L’inflazione colpisce diversamente percettori di redditi fissi e no, produttori e consumatori, debitori e creditori. Apre, di fatto un processo redistributivo in cui si trovano in vantaggio relativo quei produttori che sono in grado di scaricare sui prezzi l’aumento dei loro costi e lo Stato che vede diminuire il valore reale del suo debito e della sua spesa. Si tratta di un tema di fondo che va affrontato insieme a quello delle politiche da mettere in atto per aumentare il nostro tasso di crescita.
Per intervenire con successo occorre ristabilire un’equità distributiva che non può essere affidata solo allo strumento fiscale. Assai più conta una riallocazione di bilancio che renda accessibili ed equi per tutti i servizi pubblici, in particolare sanità, istruzione e formazione.

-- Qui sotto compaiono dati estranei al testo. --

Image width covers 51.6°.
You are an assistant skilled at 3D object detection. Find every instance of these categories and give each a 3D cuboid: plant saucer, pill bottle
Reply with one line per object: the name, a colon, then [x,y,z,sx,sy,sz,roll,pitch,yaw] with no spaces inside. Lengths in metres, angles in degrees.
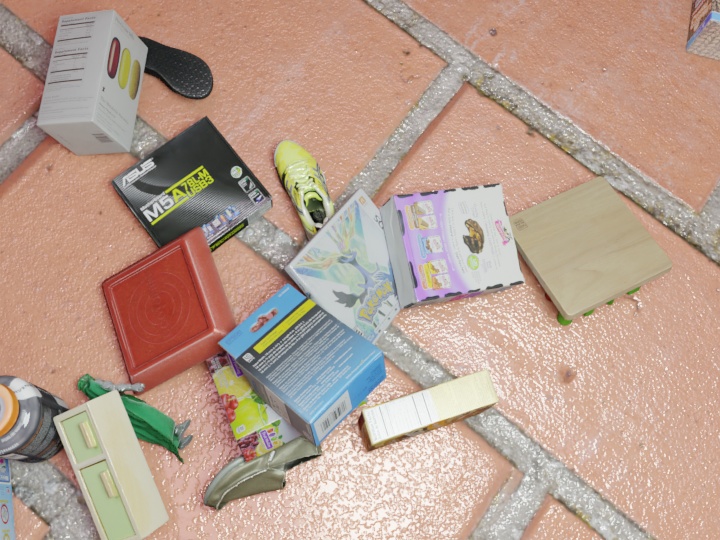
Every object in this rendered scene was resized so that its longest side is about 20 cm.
plant saucer: [-0.303,0.059,1.143,0.198,0.037,0.202,-27,71,12]
pill bottle: [-0.483,0.207,1.038,0.104,0.200,0.108,1,72,-3]

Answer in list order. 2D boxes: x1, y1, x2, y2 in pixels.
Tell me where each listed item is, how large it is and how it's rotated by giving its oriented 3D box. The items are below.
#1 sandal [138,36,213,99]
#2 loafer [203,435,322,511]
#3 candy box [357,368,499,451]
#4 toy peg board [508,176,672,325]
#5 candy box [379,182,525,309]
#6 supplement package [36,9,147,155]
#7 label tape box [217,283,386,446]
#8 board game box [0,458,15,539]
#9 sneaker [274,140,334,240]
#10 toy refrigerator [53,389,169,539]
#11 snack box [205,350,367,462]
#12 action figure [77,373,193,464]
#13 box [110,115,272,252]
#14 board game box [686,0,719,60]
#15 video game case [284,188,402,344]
sandal: [-0.331,-0.353,1.314,0.199,0.048,0.076,32,74,20]
loafer: [-0.139,0.295,1.097,0.198,0.075,0.070,-33,73,-13]
candy box: [0.098,0.211,1.117,0.196,0.116,0.056,-17,73,-9]
toy peg board: [0.364,-0.020,1.233,0.197,0.098,0.201,-23,59,-11]
candy box: [0.146,-0.040,1.191,0.196,0.071,0.171,-8,79,-21]
supplement package: [-0.441,-0.310,1.237,0.107,0.114,0.204,0,73,15]
label tape box: [-0.082,0.126,1.048,0.199,0.064,0.144,33,61,33]
board game box: [-0.528,0.340,0.994,0.055,0.200,0.199,-11,72,-6]
sneaker: [-0.084,-0.135,1.230,0.074,0.077,0.202,-25,74,-9]
toy refrigerator: [-0.354,0.282,1.053,0.075,0.070,0.203,-23,89,24]
snack box: [-0.112,0.162,1.112,0.197,0.068,0.169,-24,47,-12]
action figure: [-0.343,0.206,1.111,0.197,0.119,0.055,24,46,14]
box: [-0.278,-0.127,1.239,0.199,0.048,0.194,-37,80,-14]
board game box: [0.715,-0.499,1.391,0.157,0.097,0.203,15,72,2]
video game case: [0.000,0.000,1.163,0.183,0.022,0.200,50,56,-13]
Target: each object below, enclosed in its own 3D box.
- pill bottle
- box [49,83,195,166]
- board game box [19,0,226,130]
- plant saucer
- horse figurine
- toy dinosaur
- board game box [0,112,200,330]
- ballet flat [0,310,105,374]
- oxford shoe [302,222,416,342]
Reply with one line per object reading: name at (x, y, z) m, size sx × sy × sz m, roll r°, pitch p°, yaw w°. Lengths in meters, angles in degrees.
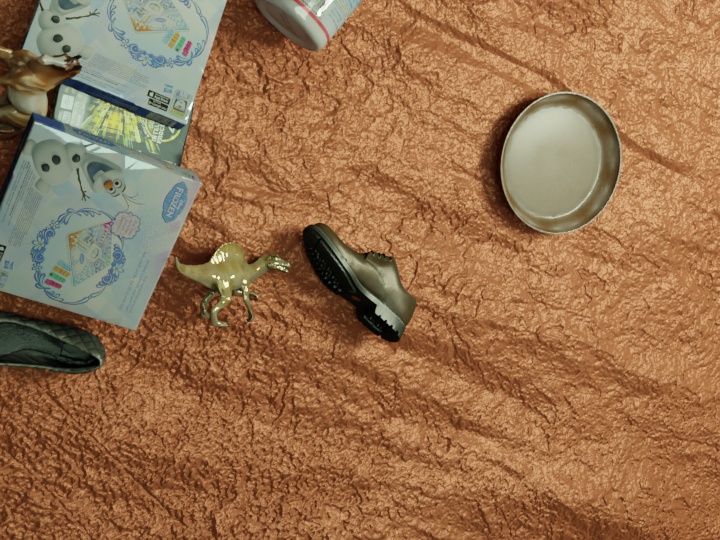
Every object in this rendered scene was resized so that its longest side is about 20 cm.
pill bottle at (-0.031, -0.376, 1.369) m, size 0.109 × 0.109 × 0.200 m, roll 42°, pitch 83°, yaw -24°
box at (-0.298, -0.126, 1.336) m, size 0.161 × 0.049 × 0.200 m, roll 13°, pitch 95°, yaw -22°
board game box at (-0.267, -0.291, 1.291) m, size 0.200 × 0.043 × 0.199 m, roll 21°, pitch 78°, yaw -22°
plant saucer at (0.279, -0.153, 1.586) m, size 0.200 × 0.032 × 0.201 m, roll -4°, pitch 102°, yaw -21°
horse figurine at (-0.387, -0.195, 1.232) m, size 0.132 × 0.200 × 0.050 m, roll 3°, pitch 63°, yaw -23°
toy dinosaur at (-0.176, 0.015, 1.400) m, size 0.200 × 0.058 × 0.101 m, roll -3°, pitch 104°, yaw -50°
board game box at (-0.314, -0.051, 1.280) m, size 0.199 × 0.043 × 0.200 m, roll 20°, pitch 105°, yaw -26°
ballet flat at (-0.401, 0.086, 1.328) m, size 0.200 × 0.057 × 0.067 m, roll 7°, pitch 97°, yaw -24°
oxford shoe at (0.000, 0.000, 1.484) m, size 0.200 × 0.073 × 0.084 m, roll 48°, pitch 64°, yaw -25°
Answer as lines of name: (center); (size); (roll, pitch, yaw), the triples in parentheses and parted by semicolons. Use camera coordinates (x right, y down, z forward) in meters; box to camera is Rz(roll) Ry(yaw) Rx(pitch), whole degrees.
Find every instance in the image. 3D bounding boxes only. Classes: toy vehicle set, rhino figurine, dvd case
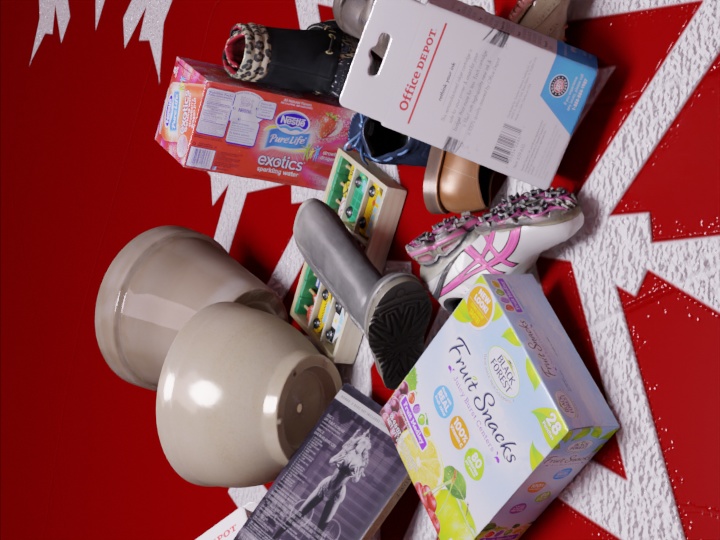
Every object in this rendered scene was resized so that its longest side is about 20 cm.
toy vehicle set: (-0.016, -0.017, 1.654); (0.124, 0.026, 0.202); (41, 119, 56)
rhino figurine: (0.024, -0.267, 1.609); (0.200, 0.059, 0.088); (-131, 36, -52)
dvd case: (-0.028, 0.222, 1.518); (0.201, 0.016, 0.148); (-54, 41, -6)

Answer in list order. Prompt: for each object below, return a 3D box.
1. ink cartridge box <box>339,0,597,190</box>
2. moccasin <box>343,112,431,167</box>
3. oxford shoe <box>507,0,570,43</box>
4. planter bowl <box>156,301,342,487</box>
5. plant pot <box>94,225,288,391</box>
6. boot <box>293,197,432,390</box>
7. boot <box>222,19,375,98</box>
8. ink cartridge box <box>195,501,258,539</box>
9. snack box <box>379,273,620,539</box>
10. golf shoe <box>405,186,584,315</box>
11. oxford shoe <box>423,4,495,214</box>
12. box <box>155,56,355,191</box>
ink cartridge box: (0.094, -0.165, 1.325); (0.067, 0.198, 0.117); (-68, 0, -68)
moccasin: (0.031, -0.148, 1.561); (0.199, 0.068, 0.082); (7, 90, 63)
oxford shoe: (0.162, -0.211, 1.370); (0.201, 0.074, 0.071); (-53, 1, 22)
planter bowl: (-0.103, 0.141, 1.630); (0.134, 0.199, 0.203); (7, 89, 36)
plant pot: (-0.181, 0.060, 1.793); (0.172, 0.199, 0.203); (15, 96, 42)
boot: (-0.002, 0.000, 1.511); (0.183, 0.072, 0.201); (94, 155, -53)
boot: (-0.078, -0.244, 1.679); (0.204, 0.152, 0.074); (-125, 48, -62)
ink cartridge box: (-0.115, 0.358, 1.603); (0.128, 0.125, 0.201); (-35, 47, 18)
snack box: (0.115, 0.129, 1.333); (0.201, 0.067, 0.170); (-56, 48, 36)
golf shoe: (0.132, -0.016, 1.373); (0.199, 0.072, 0.093); (-19, 102, 50)
oxford shoe: (0.114, -0.150, 1.443); (0.071, 0.071, 0.203); (5, 86, 31)
box: (-0.113, -0.160, 1.684); (0.095, 0.198, 0.101); (41, 118, 53)

Occorre, per fare degli esempi, che la spesa di bilancio sia capace di ridurre le code per i servizi ospedalieri, la spesa out of pocket per le prestazioni sanitarie, faccia aumentare l’assistenza ospedaliera sul territorio, renda omogenea la qualità dei servizi scolastici prestati, diminuendo la dispersione scolastica e aumentando i percorsi formativi, facendo sì che i Neet (coloro che non studiano né lavorano) e i precettori di Reddito di cittadinanza usino il più importante ascensore sociale, quello della formazione.
Non c’è dubbio che un bilancio pubblico che ha raggiunto e superato i mille miliardi di spesa offra al governo Meloni una straordinaria opportunità, vista la forza della maggioranza di cui dispone .Si tratta di realizzare, vincendo la resistenza di lobby e gruppi di pressione, una ricomposizione della spesa a favore dei servizi pubblici essenziali, vagheggiata ma mai realizzata in passato.
Non si tratta – sia chiaro – di fare sforamenti di bilancio, ma di ridurre bonus, sprechi di spesa ed evasione fiscale che ne minano l’equilibrio e di realizzare l’equità come necessaria condizione dello sviluppo.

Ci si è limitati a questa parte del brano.